Constraints (allowed tools, scopes, checks) that keep an agent safe and on-task.

_Say:_ "Add guardrails so it can't delete files."

## Generation Controls

The knobs that tune how a model generates. Naming these gives you fine control.

### Temperature

Randomness. Low = focused/repeatable; high = varied/creative.

_Say:_ "Lower the temperature for consistent answers."

### top-p / nucleus sampling

Limits choices to the most probable tokens summing to p, another diversity control.

_Say:_ "Tune top-p instead of temperature."

### max tokens

A ceiling on how long the response can be.

_Say:_ "Cap the output at 300 tokens."

### Stop sequence

Text that, when generated, halts the output, useful for clean formatting.

_Say:_ "Add a stop sequence so it ends cleanly."

### Streaming

Sending the response token-by-token as it's produced, so the user sees it type out.

_Say:_ "Stream the response for a snappier feel."

### Seed

A fixed starting value that makes random generation repeatable.

_Say:_ "Set a seed so we can reproduce this."

## Quality & Safety

Measuring whether AI works, and keeping it from misbehaving.

### Evals / benchmarks

Tests that measure model quality on a task. Build your own to know if changes help.

_Say:_ "Write evals to measure if this prompt is better."

### Bias

Systematic skew inherited from training data that can produce unfair outputs.

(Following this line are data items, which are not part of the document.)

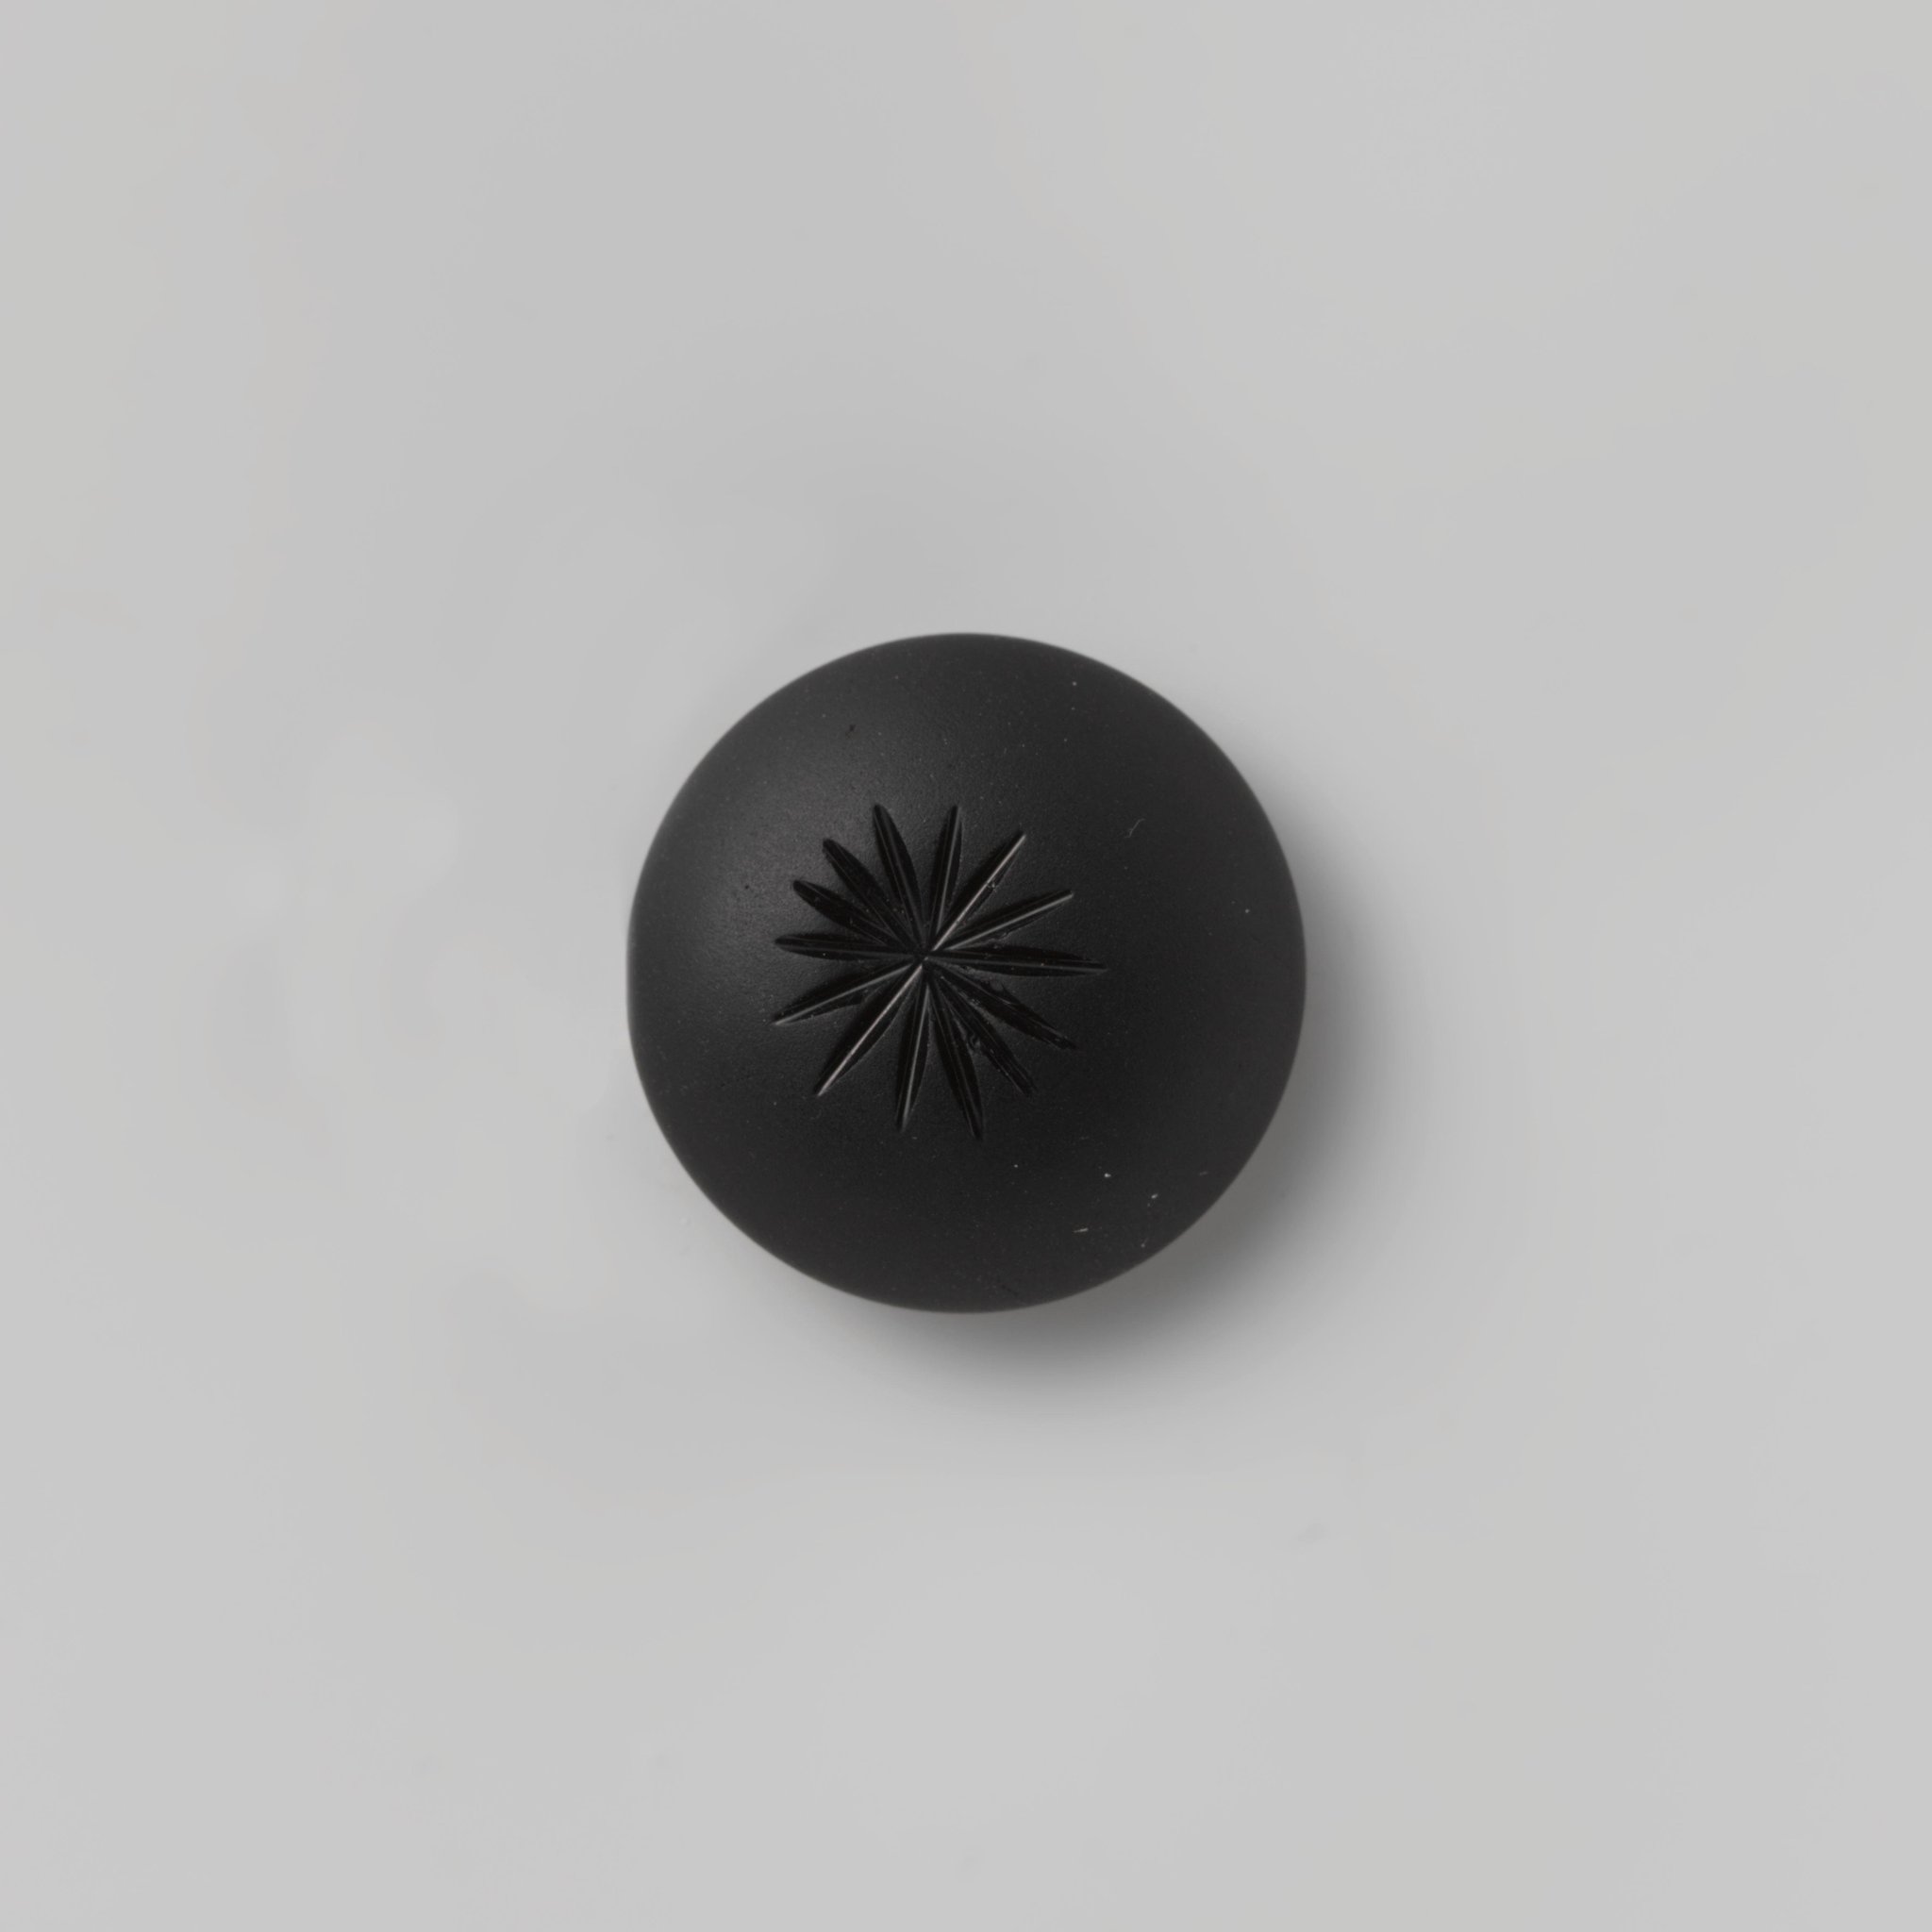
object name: brooch
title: Ronde rouwbroche van glas en zilver
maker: Anonymous
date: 1880-1900
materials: glass, silver
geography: europe
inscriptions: duty mark: ‘zwijnskop’
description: Ronde convexe rouwbroche van zwart glas met een ster in reliëf in het midden op een brochering met haaksluiting van zilver.

_Say:_ "Check the outputs for bias across groups."

### Prompt injection

Hidden instructions in input data that trick a model into ignoring its real task.

_Say:_ "Harden it against prompt injection."

### Jailbreak

Crafted prompts that try to bypass a model's safety guidelines.

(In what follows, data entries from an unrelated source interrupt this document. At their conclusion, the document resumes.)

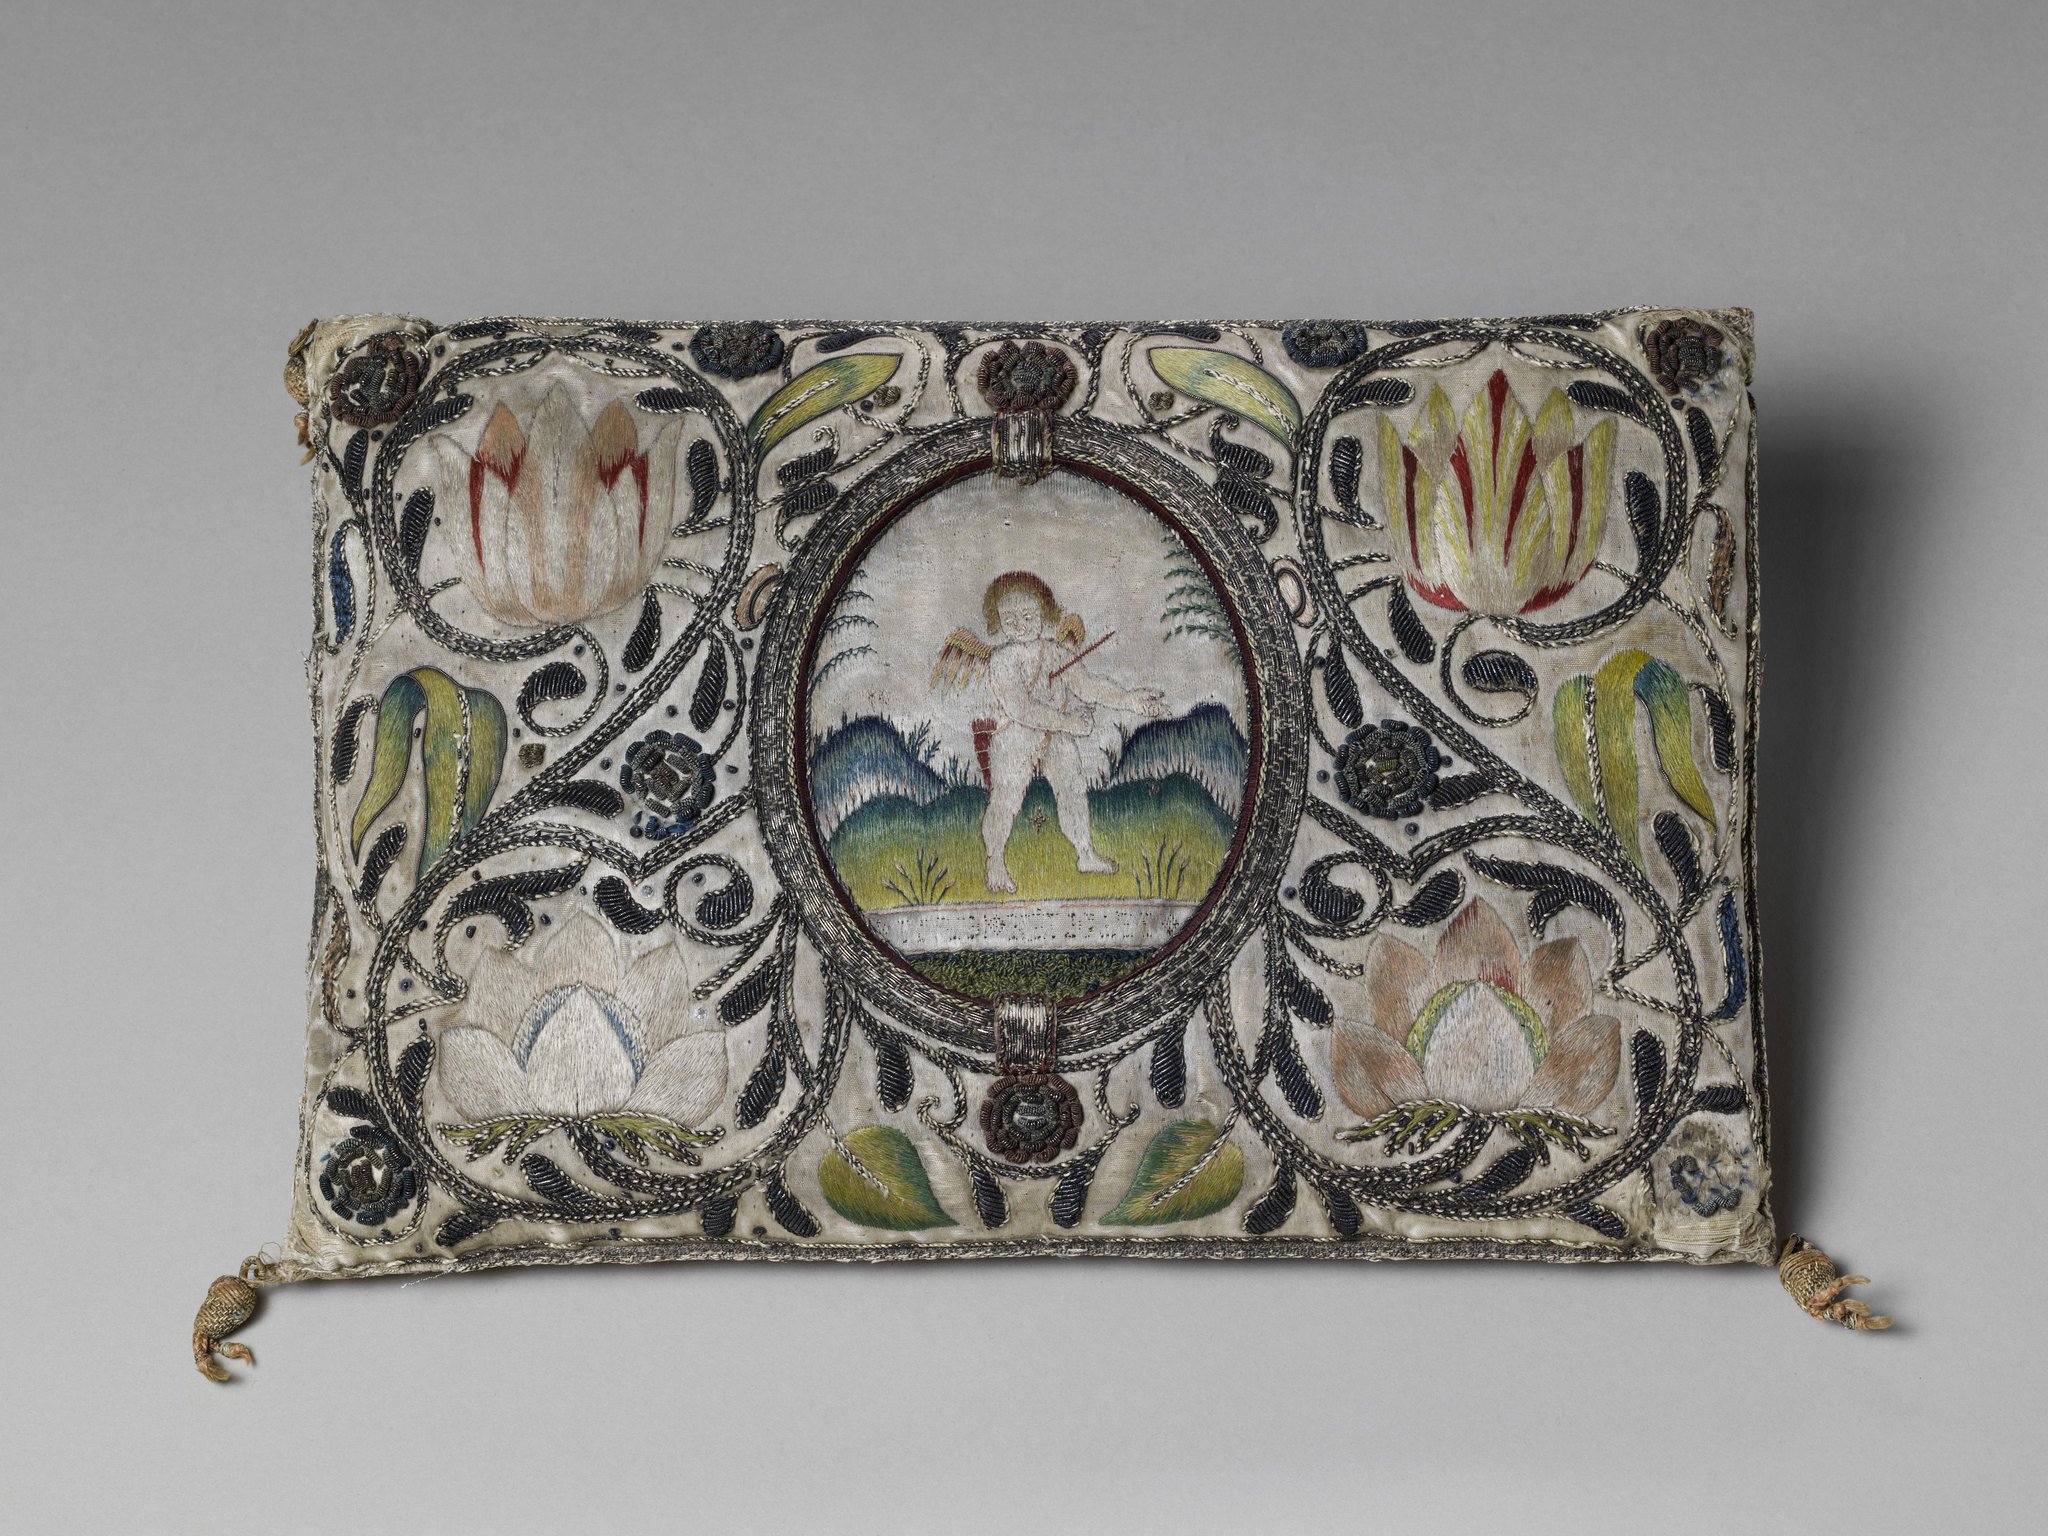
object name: cushion
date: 1620-1640
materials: metal thread, textile, silk
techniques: embroidery, stitching
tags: cupid,flowers

_Say:_ "Test whether it resists jailbreak attempts."

### Red-teaming

Deliberately probing a system for failures and harms before users find them.

_Say:_ "Red-team the assistant before launch."

### Guardrails / moderation

Checks that block unsafe inputs/outputs around the model.

_Say:_ "Add a moderation guardrail on outputs."

### Human feedback / RLHF

Training a model using human ratings of its responses to align behavior.

_Say:_ "Those preferences come from RLHF."

### Confidence / calibration

Whether a model's stated certainty matches how often it's actually right.

_Say:_ "Ask it to rate its confidence."

## Image & Media Generation

The vocabulary for generating images, audio, and video.

### Diffusion model

Generates images by starting from noise and progressively refining (Stable Diffusion, Midjourney, DALL·E).

_Say:_ "Generate it with a diffusion model."

### Text-to-image

Creating an image from a text description (the prompt).

_Say:_ "Text-to-image: a minimalist fox logo."

### Prompt weighting

Emphasizing or de-emphasizing parts of an image prompt with weights.

_Say:_ "Weight the prompt toward 'minimalist'."

### Negative prompt

Telling the model what to avoid in the image.

_Say:_ "Add a negative prompt to remove text."

### Seed (image)

Fixes the starting randomness so you can reproduce or vary an image consistently.

_Say:_ "Keep the seed and just change the color."

### Inpainting / outpainting

Regenerating a masked region (inpaint) or extending the canvas (outpaint).

_Say:_ "Inpaint to replace just the background."

### Upscaling

Increasing an image's resolution while adding plausible detail.

_Say:_ "Upscale it to 4K."

### ControlNet / conditioning

Steering generation with an extra input, a sketch, pose, or depth map, for precise control.

_Say:_ "Condition it on this pose sketch."